Effect of salt iodization on the quality of pickled vegetables
Author:
Ayed S. Amr * and Omar A. Jabay
Received 22 January 2004, accepted 28 April 2004.
Abstract
Vegetables were pickled in 100 g L-1
brines prepared from refined and crude table salt (NaCl) obtained from
the Dead sea and natural brine wells (wet-mined) with and without the
addition of 40 mg kg-1 iodine in the forms of KIO3
or KI. The effect of iodine form, salt source and refining on the sensory
quality, iodine content and vitamin C content of the pickles, as well
as vitamin A content of carrot pickles was studied. Sensory evaluation
results indicated that iodization has no effect on the taste of the pickles,
while the addition of KIO3 to both crude and refined salt resulted
in significant (P=0.05) darkening and discoloration of most pickled vegetables
regardless of the salt source. Addition of KIO3 also resulted
in significant (P<0.05) softening of the pickles prepared from both
crude and refined Dead sea salt, while this effect was less pronounced
in the case of the wet-mined salt. None of these negative effects was
noticed when potassium iodide was used.
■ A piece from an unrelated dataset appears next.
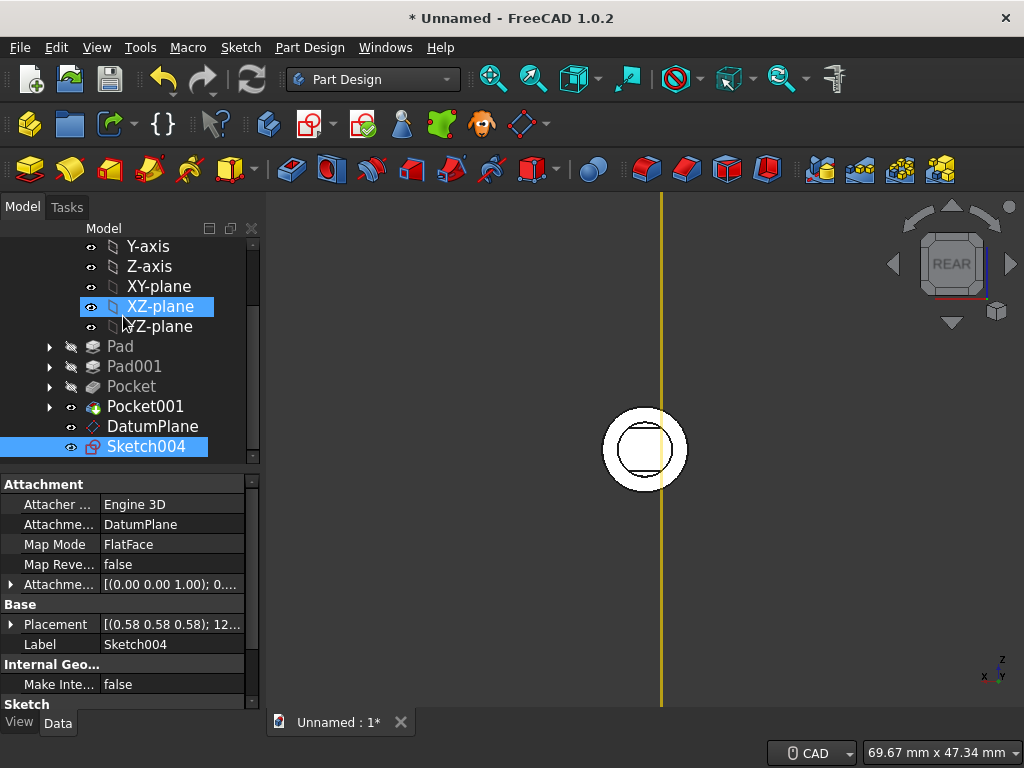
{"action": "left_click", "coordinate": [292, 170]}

The process of pickling also resulted
in great reduction in vitamin C levels in the pickled vegetables, and
a similar reduction in vitamin A level in pickled carrots, while the process
of iodization had no pronounced effect on the pickle content of these
vitamins regardless of the salt source or refining. Iodine concentration
in the pickled vegetables reached levels of 1.60-1.80 mg kg -1
or about 40-45% of its initial concentration in the respective brines,
regardless of the type of salt used or the form of iodine added, while
iodine concentration in the brines reached 1.6-2.1 mg kg-1
after the same period.
Journal: Food, Agriculture & Environment (JFAE)
Online ISSN: 1459-0263
Year: 2004, Vol. 2, Issue 2, pages 151-156.